Rereading this brilliant book after 40 years, I found it even more impressive than the first time. It’s both an adventure yarn – encompassing an earthquake, a hurricane, children abducted by pirates, a murder, and various betrayals – and an incredibly insightful exploration of the mystery that is childhood, viewed from both children’s and adults’ perspectives. Truly breathtaking, both the plot and the depth and quality of the writing.

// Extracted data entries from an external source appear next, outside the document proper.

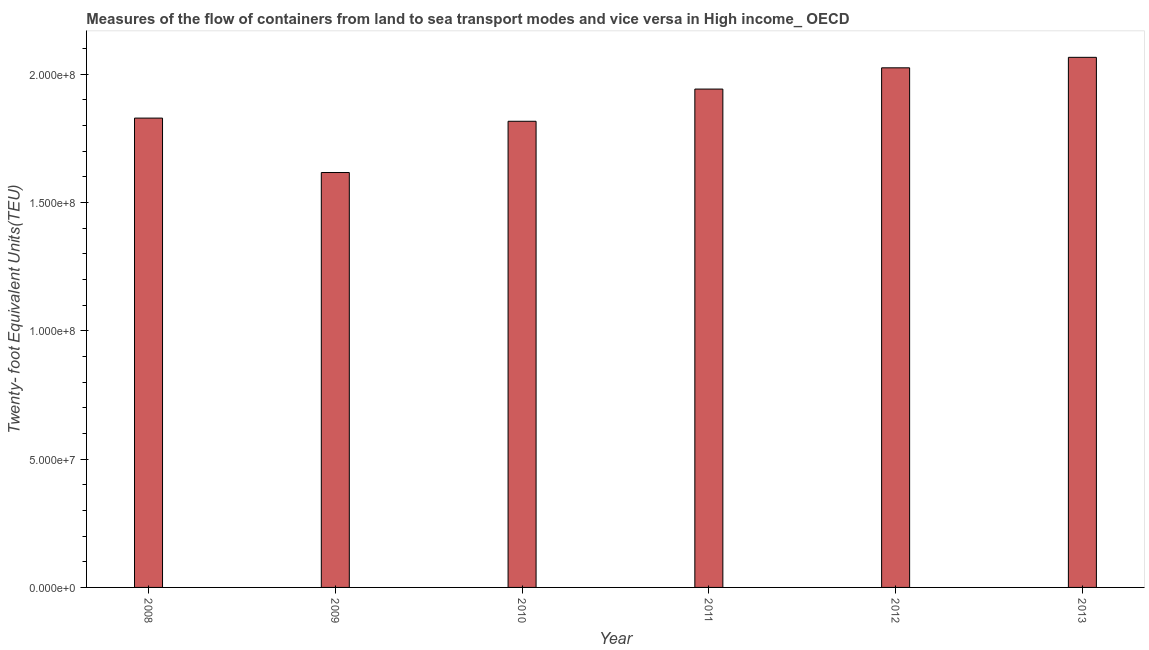What is the title of the graph?
Provide a succinct answer. Measures of the flow of containers from land to sea transport modes and vice versa in High income_ OECD. What is the label or title of the X-axis?
Provide a succinct answer. Year. What is the label or title of the Y-axis?
Ensure brevity in your answer.  Twenty- foot Equivalent Units(TEU). What is the container port traffic in 2012?
Your answer should be compact. 2.03e+08. Across all years, what is the maximum container port traffic?
Your answer should be very brief. 2.07e+08. Across all years, what is the minimum container port traffic?
Your answer should be very brief. 1.62e+08. In which year was the container port traffic minimum?
Your answer should be very brief. 2009. What is the sum of the container port traffic?
Provide a short and direct response. 1.13e+09. What is the difference between the container port traffic in 2010 and 2013?
Provide a short and direct response. -2.49e+07. What is the average container port traffic per year?
Offer a terse response. 1.88e+08. What is the median container port traffic?
Offer a terse response. 1.89e+08. What is the ratio of the container port traffic in 2008 to that in 2013?
Give a very brief answer. 0.89. Is the container port traffic in 2011 less than that in 2013?
Give a very brief answer. Yes. Is the difference between the container port traffic in 2008 and 2009 greater than the difference between any two years?
Your response must be concise. No. What is the difference between the highest and the second highest container port traffic?
Offer a very short reply. 4.09e+06. What is the difference between the highest and the lowest container port traffic?
Offer a terse response. 4.49e+07. In how many years, is the container port traffic greater than the average container port traffic taken over all years?
Your answer should be very brief. 3. How many bars are there?
Your answer should be compact. 6. Are all the bars in the graph horizontal?
Your answer should be compact. No. Are the values on the major ticks of Y-axis written in scientific E-notation?
Your answer should be compact. Yes. What is the Twenty- foot Equivalent Units(TEU) of 2008?
Your answer should be very brief. 1.83e+08. What is the Twenty- foot Equivalent Units(TEU) in 2009?
Keep it short and to the point. 1.62e+08. What is the Twenty- foot Equivalent Units(TEU) in 2010?
Give a very brief answer. 1.82e+08. What is the Twenty- foot Equivalent Units(TEU) in 2011?
Provide a short and direct response. 1.94e+08. What is the Twenty- foot Equivalent Units(TEU) of 2012?
Provide a succinct answer. 2.03e+08. What is the Twenty- foot Equivalent Units(TEU) of 2013?
Keep it short and to the point. 2.07e+08. What is the difference between the Twenty- foot Equivalent Units(TEU) in 2008 and 2009?
Keep it short and to the point. 2.12e+07. What is the difference between the Twenty- foot Equivalent Units(TEU) in 2008 and 2010?
Offer a terse response. 1.24e+06. What is the difference between the Twenty- foot Equivalent Units(TEU) in 2008 and 2011?
Offer a very short reply. -1.13e+07. What is the difference between the Twenty- foot Equivalent Units(TEU) in 2008 and 2012?
Your answer should be very brief. -1.96e+07. What is the difference between the Twenty- foot Equivalent Units(TEU) in 2008 and 2013?
Give a very brief answer. -2.37e+07. What is the difference between the Twenty- foot Equivalent Units(TEU) in 2009 and 2010?
Keep it short and to the point. -2.00e+07. What is the difference between the Twenty- foot Equivalent Units(TEU) in 2009 and 2011?
Your answer should be compact. -3.25e+07. What is the difference between the Twenty- foot Equivalent Units(TEU) in 2009 and 2012?
Provide a short and direct response. -4.08e+07. What is the difference between the Twenty- foot Equivalent Units(TEU) in 2009 and 2013?
Offer a terse response. -4.49e+07. What is the difference between the Twenty- foot Equivalent Units(TEU) in 2010 and 2011?
Ensure brevity in your answer.  -1.25e+07. What is the difference between the Twenty- foot Equivalent Units(TEU) in 2010 and 2012?
Your answer should be very brief. -2.08e+07. What is the difference between the Twenty- foot Equivalent Units(TEU) in 2010 and 2013?
Your response must be concise. -2.49e+07. What is the difference between the Twenty- foot Equivalent Units(TEU) in 2011 and 2012?
Give a very brief answer. -8.28e+06. What is the difference between the Twenty- foot Equivalent Units(TEU) in 2011 and 2013?
Give a very brief answer. -1.24e+07. What is the difference between the Twenty- foot Equivalent Units(TEU) in 2012 and 2013?
Offer a very short reply. -4.09e+06. What is the ratio of the Twenty- foot Equivalent Units(TEU) in 2008 to that in 2009?
Provide a succinct answer. 1.13. What is the ratio of the Twenty- foot Equivalent Units(TEU) in 2008 to that in 2011?
Provide a succinct answer. 0.94. What is the ratio of the Twenty- foot Equivalent Units(TEU) in 2008 to that in 2012?
Provide a succinct answer. 0.9. What is the ratio of the Twenty- foot Equivalent Units(TEU) in 2008 to that in 2013?
Keep it short and to the point. 0.89. What is the ratio of the Twenty- foot Equivalent Units(TEU) in 2009 to that in 2010?
Keep it short and to the point. 0.89. What is the ratio of the Twenty- foot Equivalent Units(TEU) in 2009 to that in 2011?
Give a very brief answer. 0.83. What is the ratio of the Twenty- foot Equivalent Units(TEU) in 2009 to that in 2012?
Give a very brief answer. 0.8. What is the ratio of the Twenty- foot Equivalent Units(TEU) in 2009 to that in 2013?
Your answer should be very brief. 0.78. What is the ratio of the Twenty- foot Equivalent Units(TEU) in 2010 to that in 2011?
Offer a very short reply. 0.94. What is the ratio of the Twenty- foot Equivalent Units(TEU) in 2010 to that in 2012?
Provide a short and direct response. 0.9. What is the ratio of the Twenty- foot Equivalent Units(TEU) in 2010 to that in 2013?
Keep it short and to the point. 0.88. What is the ratio of the Twenty- foot Equivalent Units(TEU) in 2011 to that in 2012?
Offer a very short reply. 0.96. What is the ratio of the Twenty- foot Equivalent Units(TEU) in 2012 to that in 2013?
Ensure brevity in your answer.  0.98.

- Banna— From Banna's Recs
Richard Hughes's celebrated short novel is a masterpiece of concentrated narrative. Its dreamlike action begins among the decayed plantation houses and overwhelming natural abundance of late nineteenth-century Jamaica, before moving out onto the high seas, as Hughes tells the story of a group of children thrown upon the mercy of a crew of down-at-the-heel pirates. A tale of seduction and betrayal, of accommodation and manipulation, of weird humor and unforeseen violence, this classic of twentieth-century literature is above all an extraordinary reckoning with the secret reasons and otherworldly realities of childhood.
About the Author
Richard Hughes (1900-1976) was born in Surrey, England, but his ancestors came from Wales and he considered himself a Welshman. After an early childhood marked by the deaths of two older siblings and his father (his mother then went to work as a magazine journalist), Hughes attended boarding school and, with every expectation of being sent to fight in the First World War, enrolled in the military. Armistice was declared, however, before he could see active service, and Hughes was free to go to Oxford, where he became a star on the university literary scene, with a book of poems in print and a play produced in the West End by the time he graduated in 1922. Hughes’s first novel, A High Wind in Jamaica, came out in 1928 and was a best seller in the United Kingdom and America. In Hazard followed ten years later. Hughes also wrote stories for children and radio plays, but his final major undertaking was the “The Human Predicament”, an ambitious amalgamation of fact and fiction that would track the German and English branches of a single family into the disaster of the Second World War while offering a dramatic depiction of Hitler’s rise to power. The work was planned as a trilogy, but remained incomplete at the time of Hughes’s death. The first volume, The Fox in the Attic, appeared in 1960, to great critical acclaim; volume two, The Wooden Shepherdess, was published in 1973. All of Hughes’s completed novels are available from NYRB Classics.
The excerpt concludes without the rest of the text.